**Activity:** The entries below should be quoted exactly, with no pictures carried over.

☆ ☆ ☆ ☆

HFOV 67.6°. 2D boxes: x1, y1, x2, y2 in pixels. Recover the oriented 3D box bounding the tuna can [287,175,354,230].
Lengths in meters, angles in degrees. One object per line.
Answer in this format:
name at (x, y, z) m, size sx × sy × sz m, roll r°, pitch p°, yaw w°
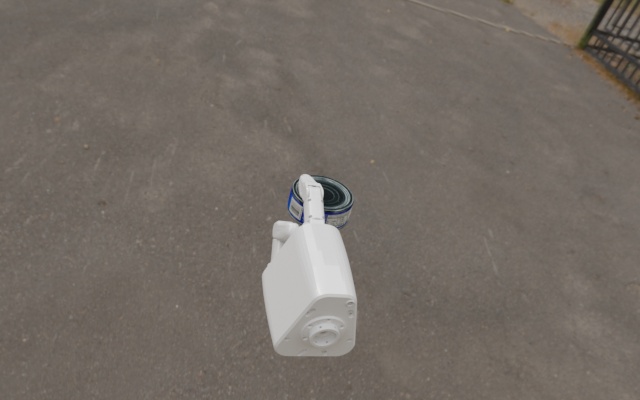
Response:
tuna can at (0.000, 0.002, 0.635) m, size 0.086 × 0.034 × 0.086 m, roll 10°, pitch 34°, yaw -7°
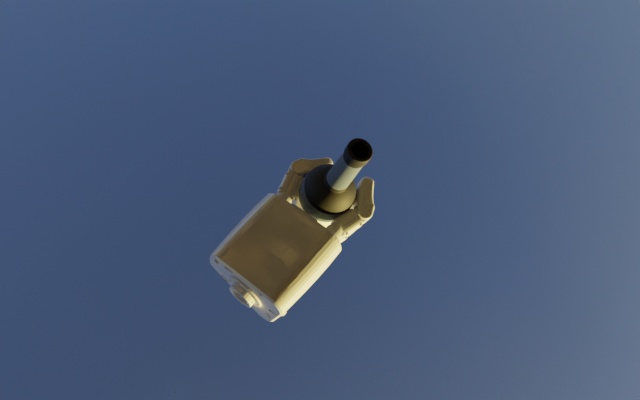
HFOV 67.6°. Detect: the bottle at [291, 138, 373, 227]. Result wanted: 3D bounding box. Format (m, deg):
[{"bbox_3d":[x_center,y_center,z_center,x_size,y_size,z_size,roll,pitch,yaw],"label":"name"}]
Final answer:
[{"bbox_3d":[0.000,0.002,0.609,0.069,0.069,0.296,0,-21,-17],"label":"bottle"}]
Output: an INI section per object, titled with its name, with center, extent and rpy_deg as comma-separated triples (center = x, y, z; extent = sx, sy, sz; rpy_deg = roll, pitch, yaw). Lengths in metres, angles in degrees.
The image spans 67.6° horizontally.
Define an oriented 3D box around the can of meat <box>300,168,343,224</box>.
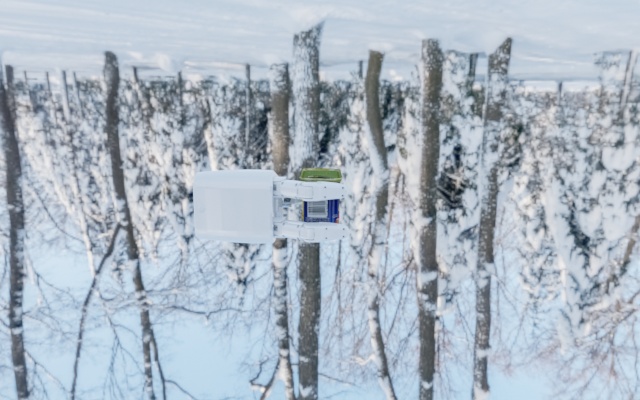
[can of meat]
center = 0.000, 0.003, 0.674
extent = 0.057, 0.084, 0.102
rpy_deg = 1, 12, 0
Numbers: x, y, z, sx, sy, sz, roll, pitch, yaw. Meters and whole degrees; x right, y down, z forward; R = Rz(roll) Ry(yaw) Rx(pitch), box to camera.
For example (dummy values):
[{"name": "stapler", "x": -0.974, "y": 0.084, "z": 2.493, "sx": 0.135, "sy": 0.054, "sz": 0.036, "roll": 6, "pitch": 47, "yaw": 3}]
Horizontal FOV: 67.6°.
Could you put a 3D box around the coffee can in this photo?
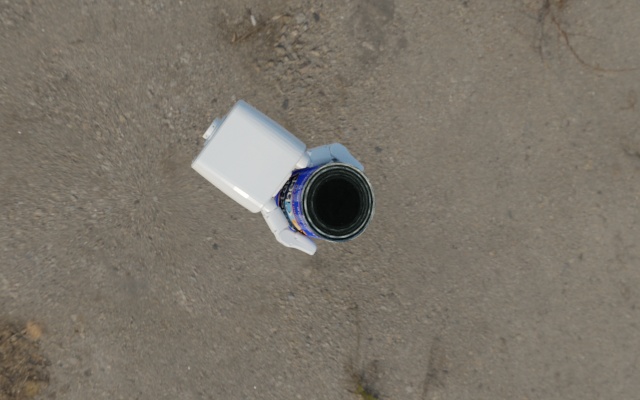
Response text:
[{"name": "coffee can", "x": 0.000, "y": 0.002, "z": 0.667, "sx": 0.103, "sy": 0.103, "sz": 0.140, "roll": 0, "pitch": 0, "yaw": -20}]
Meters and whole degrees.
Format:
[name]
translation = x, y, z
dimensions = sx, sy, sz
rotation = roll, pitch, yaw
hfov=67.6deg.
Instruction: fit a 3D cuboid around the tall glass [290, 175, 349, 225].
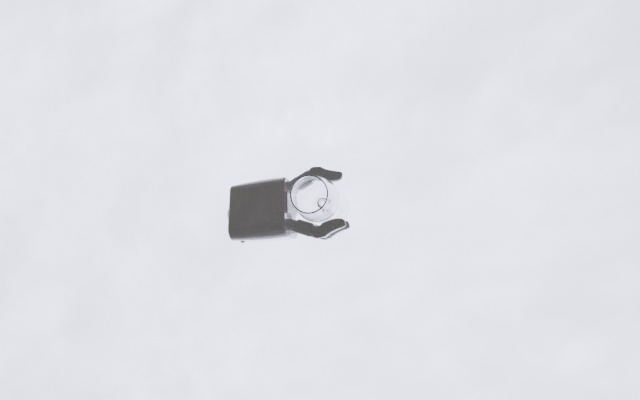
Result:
[tall glass]
translation = 0.000, 0.003, 0.848
dimensions = 0.079, 0.079, 0.201
rotation = 0, -8, 11
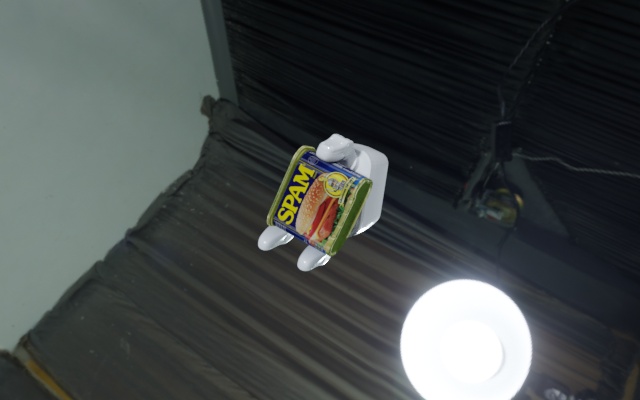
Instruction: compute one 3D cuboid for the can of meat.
[{"bbox_3d":[0.000,0.002,0.542,0.084,0.102,0.057,28,12,17],"label":"can of meat"}]
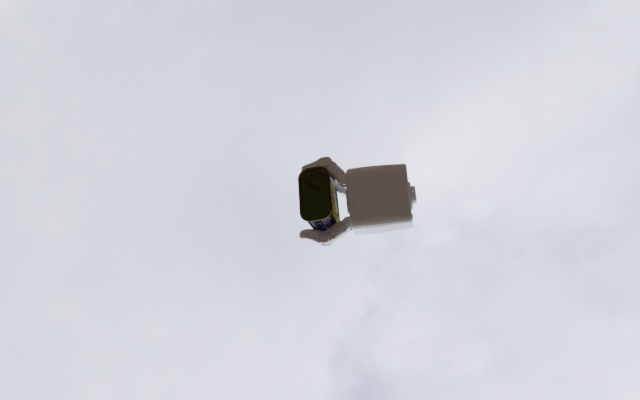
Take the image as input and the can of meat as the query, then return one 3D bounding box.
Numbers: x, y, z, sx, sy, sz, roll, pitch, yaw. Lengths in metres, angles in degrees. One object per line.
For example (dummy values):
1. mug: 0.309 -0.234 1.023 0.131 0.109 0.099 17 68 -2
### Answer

☆ ☆ ☆ ☆

**Your response:**
HFOV 67.6°. 2D boxes: x1, y1, x2, y2 in pixels. Recover the oriented 3D box bounding the tuna can [287,175,354,230].
Lengths in meters, angles in degrees. One object per line.
Answer in this format:
name at (x, y, z) m, size sx × sy × sz m, roll r°, pitch p°, yaw w°
Response:
tuna can at (0.000, 0.002, 0.635) m, size 0.086 × 0.034 × 0.086 m, roll 10°, pitch 34°, yaw -7°
HFOV 67.6°. Detect: the bottle at [291, 138, 373, 227]. Result wanted: 3D bounding box. Format (m, deg):
[{"bbox_3d":[x_center,y_center,z_center,x_size,y_size,z_size,roll,pitch,yaw],"label":"name"}]
Final answer:
[{"bbox_3d":[0.000,0.002,0.609,0.069,0.069,0.296,0,-21,-17],"label":"bottle"}]
Output: an INI section per object, titled with its name, with center, extent and rpy_deg as comma-separated triples (center = x, y, z; extent = sx, sy, sz; rpy_deg = roll, pitch, yaw). Lengths in metres, angles in degrees.
The image spans 67.6° horizontally.
Define an oriented 3D box around the can of meat <box>300,168,343,224</box>.
[can of meat]
center = 0.000, 0.003, 0.674
extent = 0.057, 0.084, 0.102
rpy_deg = 1, 12, 0
Numbers: x, y, z, sx, sy, sz, roll, pitch, yaw. Meters and whole degrees; x right, y down, z forward; R = Rz(roll) Ry(yaw) Rx(pitch), box to camera.
For example (dummy values):
[{"name": "stapler", "x": -0.974, "y": 0.084, "z": 2.493, "sx": 0.135, "sy": 0.054, "sz": 0.036, "roll": 6, "pitch": 47, "yaw": 3}]
Horizontal FOV: 67.6°.
Could you put a 3D box around the coffee can in this photo?
Response text:
[{"name": "coffee can", "x": 0.000, "y": 0.002, "z": 0.667, "sx": 0.103, "sy": 0.103, "sz": 0.140, "roll": 0, "pitch": 0, "yaw": -20}]
Meters and whole degrees.
Format:
[name]
translation = x, y, z
dimensions = sx, sy, sz
rotation = roll, pitch, yaw
hfov=67.6deg.
Instruction: fit a 3D cuboid around the tall glass [290, 175, 349, 225].
Result:
[tall glass]
translation = 0.000, 0.003, 0.848
dimensions = 0.079, 0.079, 0.201
rotation = 0, -8, 11
Instruction: compute one 3D cuboid for the can of meat.
[{"bbox_3d":[0.000,0.002,0.542,0.084,0.102,0.057,28,12,17],"label":"can of meat"}]
Take the image as input and the can of meat as the query, then return one 3D bounding box.
Numbers: x, y, z, sx, sy, sz, roll, pitch, yaw. Lengths in metres, angles in degrees. One object per line.
For example (dummy values):
1. mug: 0.309 -0.234 1.023 0.131 0.109 0.099 17 68 -2
### Answer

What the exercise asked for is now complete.